Dann wandte sie sich wieder an ihren Vater: „Und dein Erzeuger hat in Berlin eine Loge gegründet, nicht? Was für ein Zufall, dass du dort dann Mitglied wurdest.“
„Ob es wirklich Zufall war? Aber sicher ist, ansonsten hätte er mich nicht auserwählt. Ich wusste zunächst nur, auch er war ein Wiener, ein vornehmer Herr, scheinbar um die 50 Jahre alt, und nach einigen Jahren hat er mir schließlich seine wahre Identität offenbart, und ich durfte wählen ob ich auch ein Mondkind werden möchte. Ich habe mich dafür entschieden, zumal ich einen Herzfehler hatte und die Ärzte mir nicht viele Hoffnungen gemacht haben, dass ich noch allzu viele Jahre leben würde. Und ich wollte doch für Evelina da sein, sie aufwachsen sehen. Sie war 10 Jahre alt, als ich erschaffen wurde.“
Fast hätte Ferdinand jetzt gefragt ob Julian denn die Wahl gehabt hatte, aber nein, jetzt keine weitere Frage zum Erzeuger.
Vielleicht war es Leichtsinn, dass Ferdinand so viel von sich preisgab, aber er konnte nicht anders als dies zu riskieren.
Was nun folgte verlangte ihm jedoch umso mehr Mut ab, gerade weil ein Nein als Antwort sehr schmerzhaft wäre. Er sah Julian an und sprach mit ruhiger, sanfter Stimme.
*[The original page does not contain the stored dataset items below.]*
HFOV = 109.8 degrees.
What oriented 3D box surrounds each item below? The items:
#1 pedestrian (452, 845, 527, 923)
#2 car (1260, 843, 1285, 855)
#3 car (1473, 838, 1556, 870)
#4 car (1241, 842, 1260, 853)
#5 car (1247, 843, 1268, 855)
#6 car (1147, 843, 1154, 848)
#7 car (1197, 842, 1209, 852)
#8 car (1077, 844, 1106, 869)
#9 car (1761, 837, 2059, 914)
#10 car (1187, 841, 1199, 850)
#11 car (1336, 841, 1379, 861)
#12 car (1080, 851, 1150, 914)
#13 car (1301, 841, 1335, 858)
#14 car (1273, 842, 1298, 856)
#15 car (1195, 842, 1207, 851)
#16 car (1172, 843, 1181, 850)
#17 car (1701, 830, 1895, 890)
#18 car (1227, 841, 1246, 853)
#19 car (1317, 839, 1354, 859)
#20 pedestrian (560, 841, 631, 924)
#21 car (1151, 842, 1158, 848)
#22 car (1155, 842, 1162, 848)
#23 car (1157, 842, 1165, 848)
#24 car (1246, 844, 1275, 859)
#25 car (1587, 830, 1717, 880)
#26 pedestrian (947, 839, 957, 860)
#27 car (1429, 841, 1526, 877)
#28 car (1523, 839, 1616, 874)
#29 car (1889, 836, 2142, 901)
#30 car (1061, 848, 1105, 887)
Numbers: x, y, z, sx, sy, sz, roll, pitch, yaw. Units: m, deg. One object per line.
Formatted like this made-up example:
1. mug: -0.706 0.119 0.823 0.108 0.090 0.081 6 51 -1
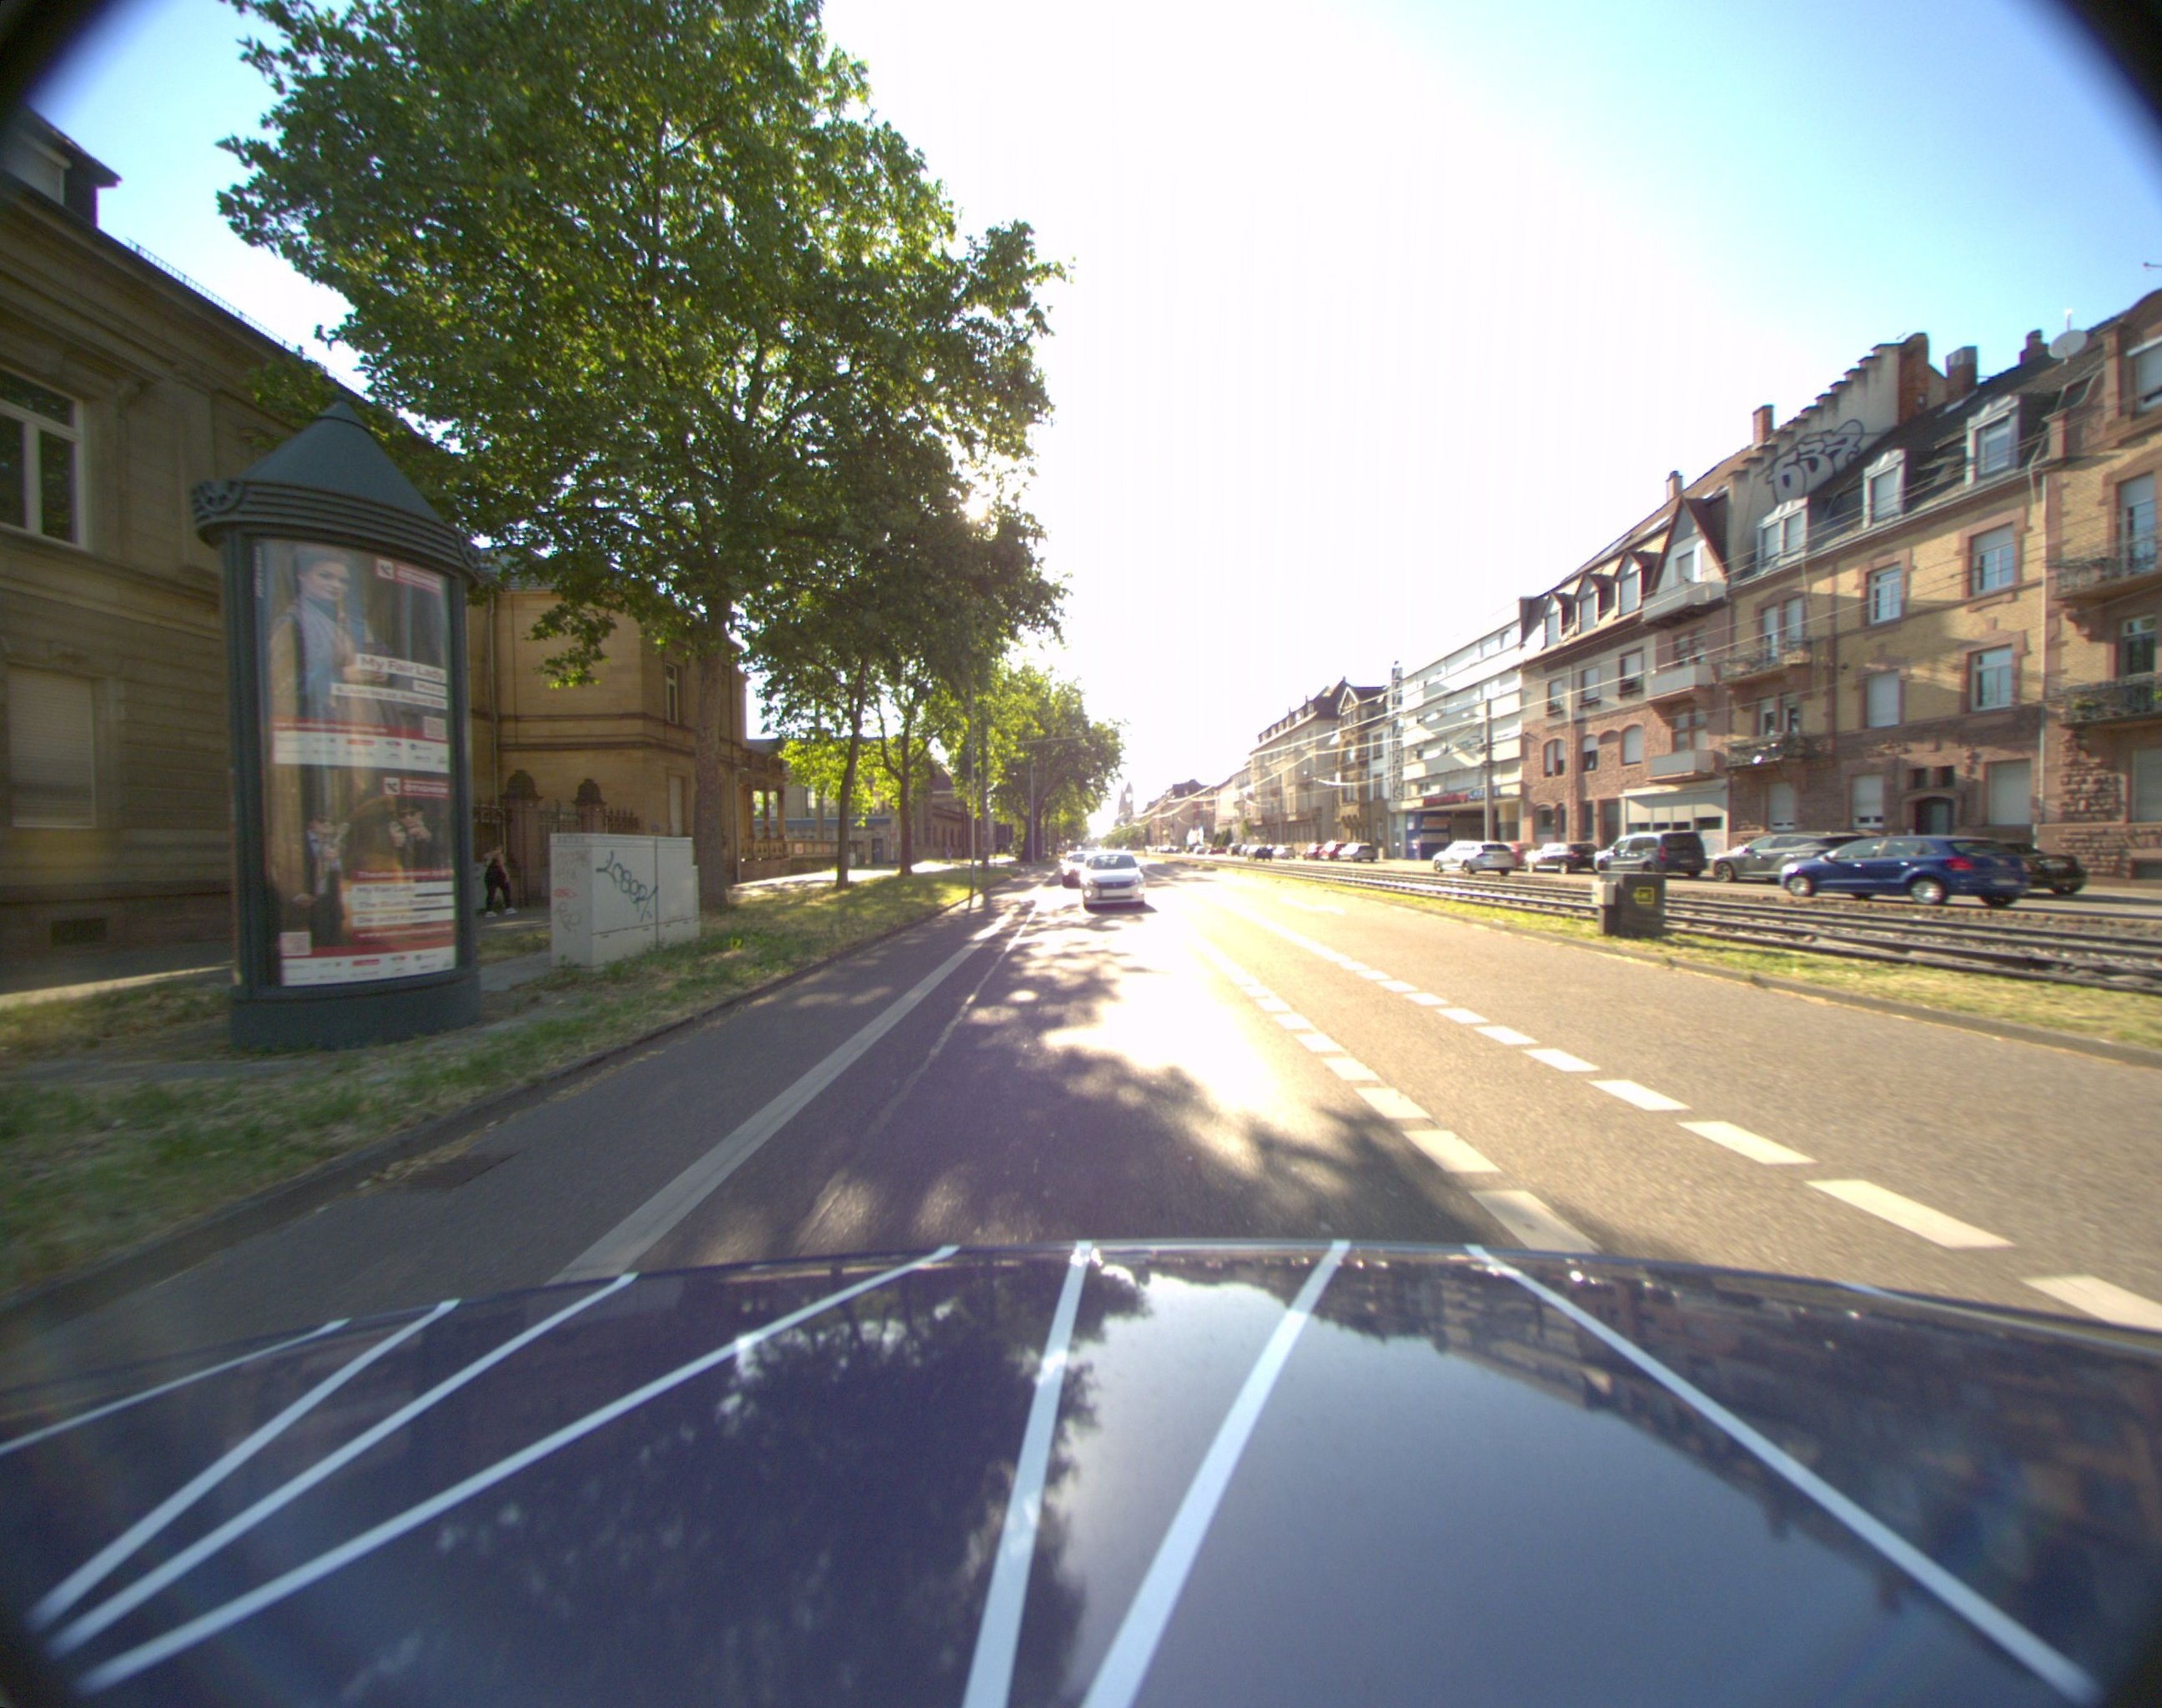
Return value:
1. pedestrian: -12.589 0.621 16.197 0.771 1.597 0.986 0 1 1
2. car: 22.806 -0.600 90.503 1.802 1.422 3.822 -2 1 -2
3. car: 22.858 -0.002 40.225 1.861 1.490 4.209 -4 1 -1
4. car: 23.514 -0.876 105.717 1.802 1.471 3.822 -2 1 0
5. car: 23.147 -0.715 99.750 1.802 1.471 3.822 -2 1 0
6. car: 21.614 -2.685 236.264 1.624 1.581 3.449 -2 1 0
7. car: 22.078 -1.257 137.653 1.677 1.623 3.407 -2 1 0
8. car: 0.715 0.130 50.615 1.834 1.543 3.999 -1 1 1
9. car: 17.664 0.370 16.553 1.825 1.449 4.155 -1 1 -3
10. car: 22.524 -1.766 153.284 1.727 1.776 3.880 -2 1 0
11. car: 22.864 -0.249 62.924 1.861 1.490 4.381 -3 1 -1
12. car: 0.845 0.706 20.948 1.686 1.462 4.054 -2 1 0
13. car: 22.877 -0.431 73.397 1.756 1.487 3.727 -3 1 -6
14. car: 22.956 -0.542 85.320 1.802 1.471 3.822 -2 1 0
15. car: 22.530 -1.479 143.137 1.684 1.562 3.387 -2 1 0
16. car: 21.919 -1.794 173.988 1.624 1.581 3.449 -2 1 0
17. car: 22.694 0.145 24.358 1.861 1.613 4.501 -4 1 -1
18. car: 22.711 -0.999 111.142 1.876 1.727 3.915 -2 1 0
19. car: 22.849 -0.446 68.301 1.860 1.677 4.262 -3 1 1
20. pedestrian: -10.164 0.574 15.955 0.771 1.700 1.042 0 1 1
21. car: 21.692 -2.679 225.472 1.624 1.581 3.449 -2 1 0
22. car: 22.302 -2.557 217.837 1.624 1.581 3.449 -2 1 0
23. car: 22.408 -2.490 212.982 1.624 1.581 3.449 -2 1 0
24. car: 17.365 -0.278 73.716 1.825 1.449 4.164 -1 1 -1
25. car: 22.631 0.001 30.360 1.890 1.748 4.417 -4 1 2
26. pedestrian: -10.248 -0.375 60.347 0.672 1.653 0.874 0 1 1
27. car: 17.295 0.160 33.442 1.825 1.449 4.539 -1 1 -1
28. car: 22.665 0.101 35.453 1.699 1.429 3.927 -4 1 -1
29. car: 22.885 0.310 18.856 1.626 1.347 3.725 -4 1 -1
30. car: 0.093 0.526 31.995 1.686 1.462 4.054 -2 1 0

„Vielleicht ist es ein wenig früh dich das zu fragen, und ich bin selbst ein wenig erstaunt. Für gewöhnlich dauert es recht lange bevor ich mich überhaupt mit jemandem duze, aber bei dir, da ist vieles anders.
Wir sind natürlich bereits verwandt, durch das Blut Malkavs, aber vielleicht würde es dir gefallen, zu unserer kleinen Familie zu gehören, zu der außer mir Evelina und Henry gehören? Dies habe ich in meinem ganzen Unleben bisher nur eine einzige Person gefragt.“
Und das auch nur, weil Evelina sich das gewünscht hatte. Von selbst wäre Ferdinand nicht darauf gekommen, den Spanier zu erwählen. Aber das konnte er jetzt natürlich nicht sagen, wo Evelina daneben saß.
Nun, immerhin gab es bei Julian keinen Erzeuger, der sich nun mit einem solchen Angebot auf die Füße getreten fühlen könnte.
Und Evelina war doch sicher einverstanden, sie mochte Julian doch auch.
„Das würde mir auch sehr gefallen“, entfuhr es Evelina da, und sie sah Julian erwartungsvoll an.
Ferdinand würde keinerlei Bedingungen daran knüpfen, nein, nicht bei Julian.
„Du hättest dadurch keinerlei Verpflichtungen. Ich glaube nicht, dass ich diesen Schritt bereuen müsste, und ich würde mein Möglichstes dafür tun, damit auch du es nicht bereuen musst.
Ich akzeptiere natürlich, dass für dich in jedem Falle dein Bruder weiterhin an erster Stelle steht. Für mich wiederum steht Evelina an erster Stelle, und daran wird sich auch nie etwas ändern. Und Henry, ihn liebe ich auch. Er ist der älteste Sohn des ältesten Bruders meiner geliebten Frau Evelyn.
Ich hoffe ich überfalle dich jetzt nicht allzu sehr damit. Du brauchst dich nicht sofort zu entscheiden, du kannst mich aber gern schon duzen.“
Er wartete nun ein wenig bang auf Julians Reaktion, versuchte aber sich das möglichst nicht anmerken zu lassen.